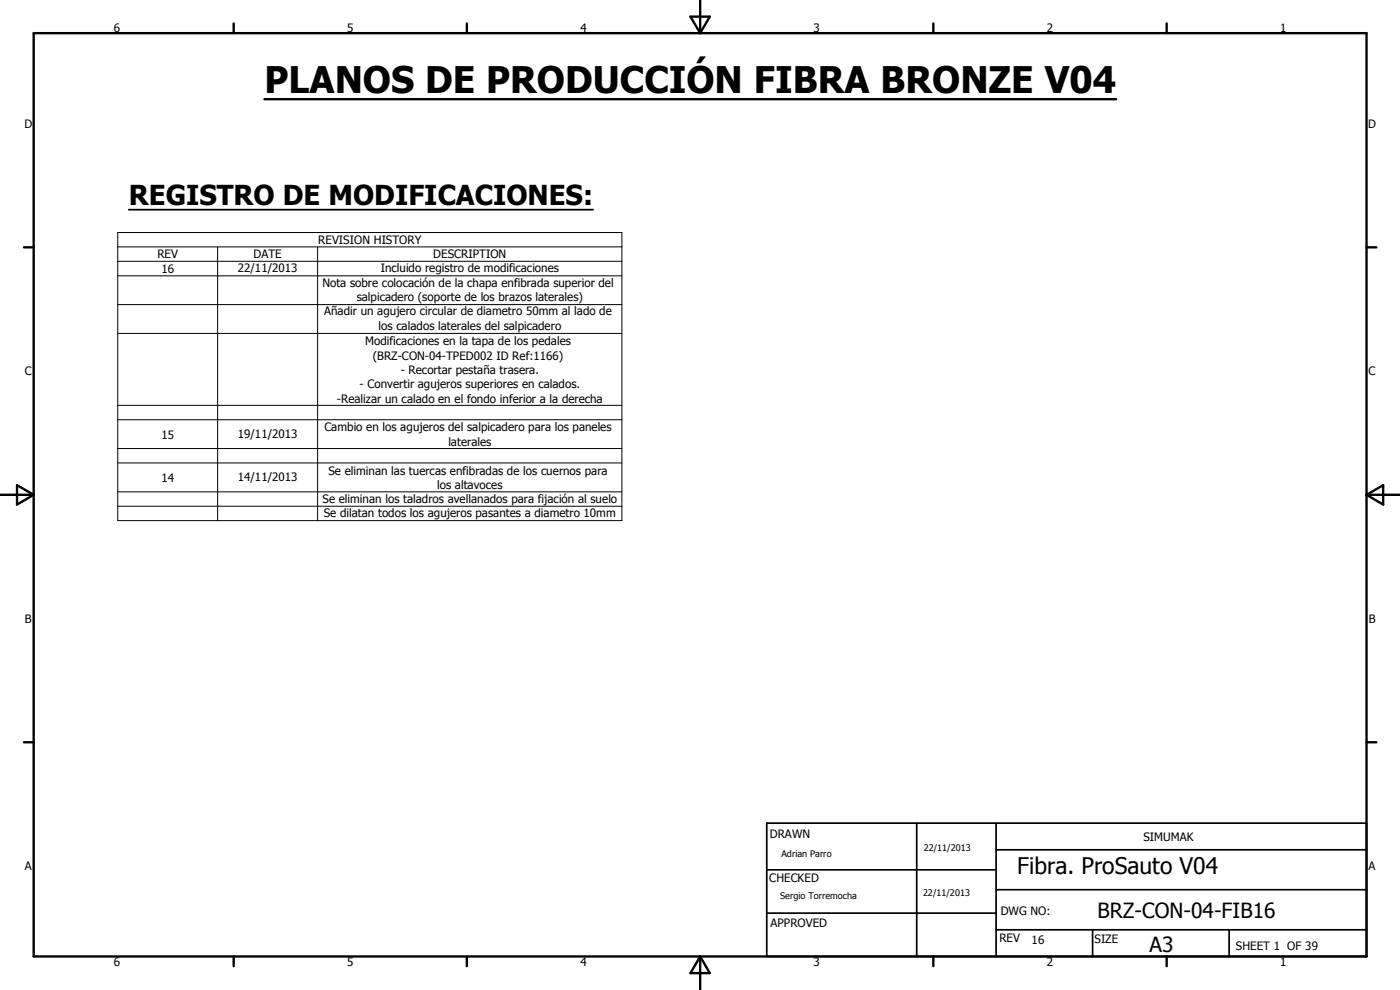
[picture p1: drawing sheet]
<svg xmlns="http://www.w3.org/2000/svg" width="420mm" height="297mm" viewBox="0 0 420 297" stroke-linecap="round" stroke-linejoin="round" font-family="sans-serif">
<defs><g id="words">
<text font-size="11" x="79.4" y="28">PLANOS DE PRODUCCIÓN FIBRA BRONZE V04</text>
<text font-size="8.2" x="38.6" y="61.6">REGISTRO DE MODIFICACIONES:</text>
<text font-size="6.9" x="305.3" y="262.2">Fibra. ProSauto V04</text>
<g font-size="6.3">
<text x="329.4" y="275.4">BRZ-CON-04-FIB16</text>
<text x="345" y="285.6">A3</text>
</g>
<g font-size="3.5">
<text x="34.2" y="9.6">6</text>
<text x="104.2" y="9.6">5</text>
<text x="174.2" y="9.6">4</text>
<text x="244.2" y="9.6">3</text>
<text x="314.2" y="9.6">2</text>
<text x="384.2" y="9.6">1</text>
<text x="7.3" y="38.4">D</text>
<text x="410.6" y="38.4">D</text>
<text x="47.2" y="77.6">REV</text>
<text x="76.1" y="77.6">DATE</text>
<text x="95.5" y="73.2">REVISION HISTORY</text>
<text x="130" y="77.6">DESCRIPTION</text>
<text x="48.5" y="81.9">16</text>
<text x="71.4" y="81.7">22/11/2013</text>
<text x="114.2" y="81.6">Incluido registro de modificaciones</text>
<text x="96.8" y="86">Nota sobre colocación de la chapa enfibrada superior del</text>
<text x="97.3" y="94.6">Añadir un agujero circular de diametro 50mm al lado de</text>
<text x="107" y="90.3">salpicadero (soporte de los brazos laterales)</text>
<text x="113.6" y="98.9">los calados laterales del salpicadero</text>
<text x="109.5" y="103.5">Modificaciones en la tapa de los pedales</text>
<text x="111.9" y="107.9">(BRZ-CON-04-TPED002 ID Ref:1166)</text>
<text x="7.4" y="112.6">C</text>
<text x="120.3" y="112.2">- Recortar pestaña trasera.</text>
<text x="410.7" y="112.6">C</text>
<text x="107.9" y="116.5">- Convertir agujeros superiores en calados.</text>
<text x="101.1" y="120.8">-Realizar un calado en el fondo inferior a la derecha</text>
<text x="48.5" y="131.6">15</text>
<text x="71.4" y="131.4">19/11/2013</text>
<text x="97.4" y="129.5">Cambio en los agujeros del salpicadero para los paneles</text>
<text x="134.6" y="133.8">laterales</text>
<text x="98.5" y="142.4">Se eliminan las tuercas enfibradas de los cuernos para</text>
<text x="48.5" y="144.5">14</text>
<text x="71.4" y="144.3">14/11/2013</text>
<text x="131.2" y="146.7">los altavoces</text>
<text x="96.8" y="150.8">Se eliminan los taladros avellanados para fijación al suelo</text>
<text x="97.2" y="155">Se dilatan todos los agujeros pasantes a diametro 10mm</text>
<text x="7.4" y="186.9">B</text>
<text x="410.8" y="186.9">B</text>
<text x="231" y="251.5">DRAWN</text>
<text x="343.1" y="252.3">SIMUMAK</text>
<text x="7.4" y="261.1">A</text>
<text x="410.7" y="261.1">A</text>
<text x="230.9" y="264.6">CHECKED</text>
<text x="300.3" y="274.5">DWG NO:</text>
<text x="231.3" y="278.3">APPROVED</text>
<text x="299.9" y="282.6">REV</text>
<text x="309.6" y="283.3">16</text>
<text x="328.5" y="283.1">SIZE</text>
<text x="370.9" y="285.1">SHEET 1 OF 39</text>
<text x="34.2" y="289.9">6</text>
<text x="104.2" y="289.9">5</text>
<text x="174.2" y="289.9">4</text>
<text x="244.2" y="289.9">3</text>
<text x="314.2" y="289.9">2</text>
<text x="384.2" y="289.9">1</text>
</g>
<g font-size="2.7">
<text x="234.5" y="257.1">Adrian Parro</text>
<text x="277.2" y="255.3">22/11/2013</text>
<text x="234.1" y="269.7">Sergio Torremocha</text>
<text x="277" y="268.7">22/11/2013</text>
</g>
</g></defs>
<g fill="none" stroke="#000" stroke-width=".71">
<path d="M10.1 9.9h400v277.1h-400zM70.1 7v2.9M140.1 7v2.9M207.2 5h5.8l-2.9 4.9zM210.1 0v9.9M280.1 7v2.9M350.1 7v2.9M79.4 29.8h255.6M7.2 74.2h2.9M410.1 74.2h3M.1 148.5h10M5.1 145.6l5 2.9-5 2.9z"/>
<path d="M410.1 148.5h10M410.1 148.5l5-2.9v5.8zM7.2 222.7h2.9M410.1 222.7h3M70.1 287v2.9M140.1 287v2.9M210.1 287v10M210.1 287l2.9 5h-5.8zM280.1 287v2.9M350.1 287v2.9"/>
</g>
<path d="M230.1 247h180v40h-180zM275.1 247v40M298.9 255h111.2M298.9 247v40M230.1 274h68.8M230.1 261h68.8M298.9 279h111.2M298.9 267h111.2M327.9 279v8M368.9 279v8" fill="none" stroke="#000" stroke-width=".51"/>
<g fill="none" stroke="#000" stroke-width=".3">
<path d="M35.3 69.8h151.3v86.4h-151.3zM35.3 74.1h151.3M35.3 78.4h151.3M65.3 74.1v82.1M95.3 74.1v82.1M35.3 82.8h151.3M35.3 91.4h151.3M35.3 100h151.3M35.3 121.6h151.3M35.3 125.9h151.3M35.3 134.6h151.3M35.3 138.9h151.3"/>
<path d="M35.3 147.6h151.3M35.3 151.9h151.3"/>
</g>
<path d="M38.6 62.9h139.4" fill="none" stroke="#000" stroke-width=".53"/>
<use href="#words"/>
</svg>

- REQUIRED WORK
Would you set down each line of the data exactly, with no images included?

- ANSWER
[picture p1: drawing sheet]
<svg xmlns="http://www.w3.org/2000/svg" width="420mm" height="297mm" viewBox="0 0 420 297" stroke-linecap="round" stroke-linejoin="round" font-family="sans-serif">
<defs><g id="words">
<text font-size="11" x="79.4" y="28">PLANOS DE PRODUCCIÓN FIBRA BRONZE V04</text>
<text font-size="8.2" x="38.6" y="61.6">REGISTRO DE MODIFICACIONES:</text>
<text font-size="6.9" x="305.3" y="262.2">Fibra. ProSauto V04</text>
<g font-size="6.3">
<text x="329.4" y="275.4">BRZ-CON-04-FIB16</text>
<text x="345" y="285.6">A3</text>
</g>
<g font-size="3.5">
<text x="34.2" y="9.6">6</text>
<text x="104.2" y="9.6">5</text>
<text x="174.2" y="9.6">4</text>
<text x="244.2" y="9.6">3</text>
<text x="314.2" y="9.6">2</text>
<text x="384.2" y="9.6">1</text>
<text x="7.3" y="38.4">D</text>
<text x="410.6" y="38.4">D</text>
<text x="47.2" y="77.6">REV</text>
<text x="76.1" y="77.6">DATE</text>
<text x="95.5" y="73.2">REVISION HISTORY</text>
<text x="130" y="77.6">DESCRIPTION</text>
<text x="48.5" y="81.9">16</text>
<text x="71.4" y="81.7">22/11/2013</text>
<text x="114.2" y="81.6">Incluido registro de modificaciones</text>
<text x="96.8" y="86">Nota sobre colocación de la chapa enfibrada superior del</text>
<text x="97.3" y="94.6">Añadir un agujero circular de diametro 50mm al lado de</text>
<text x="107" y="90.3">salpicadero (soporte de los brazos laterales)</text>
<text x="113.6" y="98.9">los calados laterales del salpicadero</text>
<text x="109.5" y="103.5">Modificaciones en la tapa de los pedales</text>
<text x="111.9" y="107.9">(BRZ-CON-04-TPED002 ID Ref:1166)</text>
<text x="7.4" y="112.6">C</text>
<text x="120.3" y="112.2">- Recortar pestaña trasera.</text>
<text x="410.7" y="112.6">C</text>
<text x="107.9" y="116.5">- Convertir agujeros superiores en calados.</text>
<text x="101.1" y="120.8">-Realizar un calado en el fondo inferior a la derecha</text>
<text x="48.5" y="131.6">15</text>
<text x="71.4" y="131.4">19/11/2013</text>
<text x="97.4" y="129.5">Cambio en los agujeros del salpicadero para los paneles</text>
<text x="134.6" y="133.8">laterales</text>
<text x="98.5" y="142.4">Se eliminan las tuercas enfibradas de los cuernos para</text>
<text x="48.5" y="144.5">14</text>
<text x="71.4" y="144.3">14/11/2013</text>
<text x="131.2" y="146.7">los altavoces</text>
<text x="96.8" y="150.8">Se eliminan los taladros avellanados para fijación al suelo</text>
<text x="97.2" y="155">Se dilatan todos los agujeros pasantes a diametro 10mm</text>
<text x="7.4" y="186.9">B</text>
<text x="410.8" y="186.9">B</text>
<text x="231" y="251.5">DRAWN</text>
<text x="343.1" y="252.3">SIMUMAK</text>
<text x="7.4" y="261.1">A</text>
<text x="410.7" y="261.1">A</text>
<text x="230.9" y="264.6">CHECKED</text>
<text x="300.3" y="274.5">DWG NO:</text>
<text x="231.3" y="278.3">APPROVED</text>
<text x="299.9" y="282.6">REV</text>
<text x="309.6" y="283.3">16</text>
<text x="328.5" y="283.1">SIZE</text>
<text x="370.9" y="285.1">SHEET 1 OF 39</text>
<text x="34.2" y="289.9">6</text>
<text x="104.2" y="289.9">5</text>
<text x="174.2" y="289.9">4</text>
<text x="244.2" y="289.9">3</text>
<text x="314.2" y="289.9">2</text>
<text x="384.2" y="289.9">1</text>
</g>
<g font-size="2.7">
<text x="234.5" y="257.1">Adrian Parro</text>
<text x="277.2" y="255.3">22/11/2013</text>
<text x="234.1" y="269.7">Sergio Torremocha</text>
<text x="277" y="268.7">22/11/2013</text>
</g>
</g></defs>
<g fill="none" stroke="#000" stroke-width=".71">
<path d="M10.1 9.9h400v277.1h-400zM70.1 7v2.9M140.1 7v2.9M207.2 5h5.8l-2.9 4.9zM210.1 0v9.9M280.1 7v2.9M350.1 7v2.9M79.4 29.8h255.6M7.2 74.2h2.9M410.1 74.2h3M.1 148.5h10M5.1 145.6l5 2.9-5 2.9z"/>
<path d="M410.1 148.5h10M410.1 148.5l5-2.9v5.8zM7.2 222.7h2.9M410.1 222.7h3M70.1 287v2.9M140.1 287v2.9M210.1 287v10M210.1 287l2.9 5h-5.8zM280.1 287v2.9M350.1 287v2.9"/>
</g>
<path d="M230.1 247h180v40h-180zM275.1 247v40M298.9 255h111.2M298.9 247v40M230.1 274h68.8M230.1 261h68.8M298.9 279h111.2M298.9 267h111.2M327.9 279v8M368.9 279v8" fill="none" stroke="#000" stroke-width=".51"/>
<g fill="none" stroke="#000" stroke-width=".3">
<path d="M35.3 69.8h151.3v86.4h-151.3zM35.3 74.1h151.3M35.3 78.4h151.3M65.3 74.1v82.1M95.3 74.1v82.1M35.3 82.8h151.3M35.3 91.4h151.3M35.3 100h151.3M35.3 121.6h151.3M35.3 125.9h151.3M35.3 134.6h151.3M35.3 138.9h151.3"/>
<path d="M35.3 147.6h151.3M35.3 151.9h151.3"/>
</g>
<path d="M38.6 62.9h139.4" fill="none" stroke="#000" stroke-width=".53"/>
<use href="#words"/>
</svg>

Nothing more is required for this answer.